ACTIVITY: A verbatim printing of the entries that follow is needed; pictures must not appear in it.
──────── DATASET CONTENT ────────
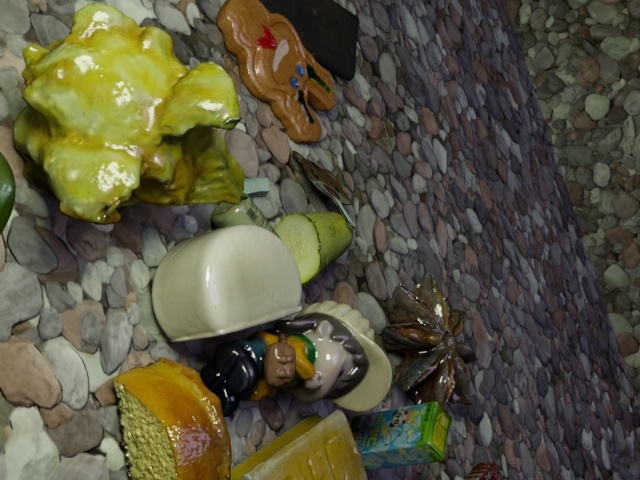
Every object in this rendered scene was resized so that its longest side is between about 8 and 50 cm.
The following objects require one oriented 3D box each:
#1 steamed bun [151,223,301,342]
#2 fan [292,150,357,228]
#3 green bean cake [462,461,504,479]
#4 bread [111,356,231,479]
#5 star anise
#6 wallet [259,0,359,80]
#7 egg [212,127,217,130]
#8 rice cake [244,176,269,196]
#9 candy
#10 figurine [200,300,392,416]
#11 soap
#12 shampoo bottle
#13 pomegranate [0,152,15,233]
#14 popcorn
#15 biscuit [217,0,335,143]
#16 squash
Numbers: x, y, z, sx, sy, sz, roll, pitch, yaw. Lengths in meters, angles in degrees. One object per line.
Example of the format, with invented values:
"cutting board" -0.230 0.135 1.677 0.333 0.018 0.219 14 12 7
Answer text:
"steamed bun" -0.149 0.063 1.319 0.242 0.146 0.164 -12 87 -54
"fan" 0.025 -0.095 1.664 0.152 0.008 0.226 29 23 -44
"green bean cake" 0.386 0.592 1.897 0.136 0.056 0.135 -18 89 -55
"bread" -0.196 0.289 1.162 0.129 0.134 0.260 -4 78 -54
"star anise" 0.238 0.236 1.809 0.332 0.118 0.331 22 57 -38
"wallet" -0.029 -0.490 1.831 0.321 0.044 0.170 21 68 -44
"egg" -0.220 -0.208 1.406 0.096 0.080 0.080 -23 94 -58
"rice cake" -0.147 -0.093 1.501 0.171 0.029 0.033 -13 79 -57
"candy" 0.144 0.369 1.541 0.062 0.194 0.097 49 41 -28
"figurine" -0.046 0.193 1.398 0.332 0.185 0.204 11 41 -35
"soap" -0.038 0.408 1.368 0.274 0.089 0.173 -22 93 -55
"shampoo bottle" -0.118 -0.003 1.453 0.162 0.079 0.079 54 38 -25
"pomegranate" -0.460 -0.037 0.935 0.187 0.187 0.225 40 73 -38
"popcorn" -0.247 -0.172 1.138 0.321 0.326 0.290 -14 87 -49
"biscuit" -0.082 -0.356 1.675 0.334 0.047 0.202 48 49 -30
"squash" 0.000 -0.015 1.599 0.287 0.137 0.137 -35 103 -61
────────
EXERCISE RESPONSE:
Every object in this rendered scene was resized so that its longest side is between about 8 and 50 cm.
The following objects require one oriented 3D box each:
#1 steamed bun [151,223,301,342]
#2 fan [292,150,357,228]
#3 green bean cake [462,461,504,479]
#4 bread [111,356,231,479]
#5 star anise
#6 wallet [259,0,359,80]
#7 egg [212,127,217,130]
#8 rice cake [244,176,269,196]
#9 candy
#10 figurine [200,300,392,416]
#11 soap
#12 shampoo bottle
#13 pomegranate [0,152,15,233]
#14 popcorn
#15 biscuit [217,0,335,143]
#16 squash
Numbers: x, y, z, sx, sy, sz, roll, pitch, yaw. Lengths in meters, angles in degrees. One object per line.
Example of the format, with invented values:
"cutting board" -0.230 0.135 1.677 0.333 0.018 0.219 14 12 7
Answer text:
"steamed bun" -0.149 0.063 1.319 0.242 0.146 0.164 -12 87 -54
"fan" 0.025 -0.095 1.664 0.152 0.008 0.226 29 23 -44
"green bean cake" 0.386 0.592 1.897 0.136 0.056 0.135 -18 89 -55
"bread" -0.196 0.289 1.162 0.129 0.134 0.260 -4 78 -54
"star anise" 0.238 0.236 1.809 0.332 0.118 0.331 22 57 -38
"wallet" -0.029 -0.490 1.831 0.321 0.044 0.170 21 68 -44
"egg" -0.220 -0.208 1.406 0.096 0.080 0.080 -23 94 -58
"rice cake" -0.147 -0.093 1.501 0.171 0.029 0.033 -13 79 -57
"candy" 0.144 0.369 1.541 0.062 0.194 0.097 49 41 -28
"figurine" -0.046 0.193 1.398 0.332 0.185 0.204 11 41 -35
"soap" -0.038 0.408 1.368 0.274 0.089 0.173 -22 93 -55
"shampoo bottle" -0.118 -0.003 1.453 0.162 0.079 0.079 54 38 -25
"pomegranate" -0.460 -0.037 0.935 0.187 0.187 0.225 40 73 -38
"popcorn" -0.247 -0.172 1.138 0.321 0.326 0.290 -14 87 -49
"biscuit" -0.082 -0.356 1.675 0.334 0.047 0.202 48 49 -30
"squash" 0.000 -0.015 1.599 0.287 0.137 0.137 -35 103 -61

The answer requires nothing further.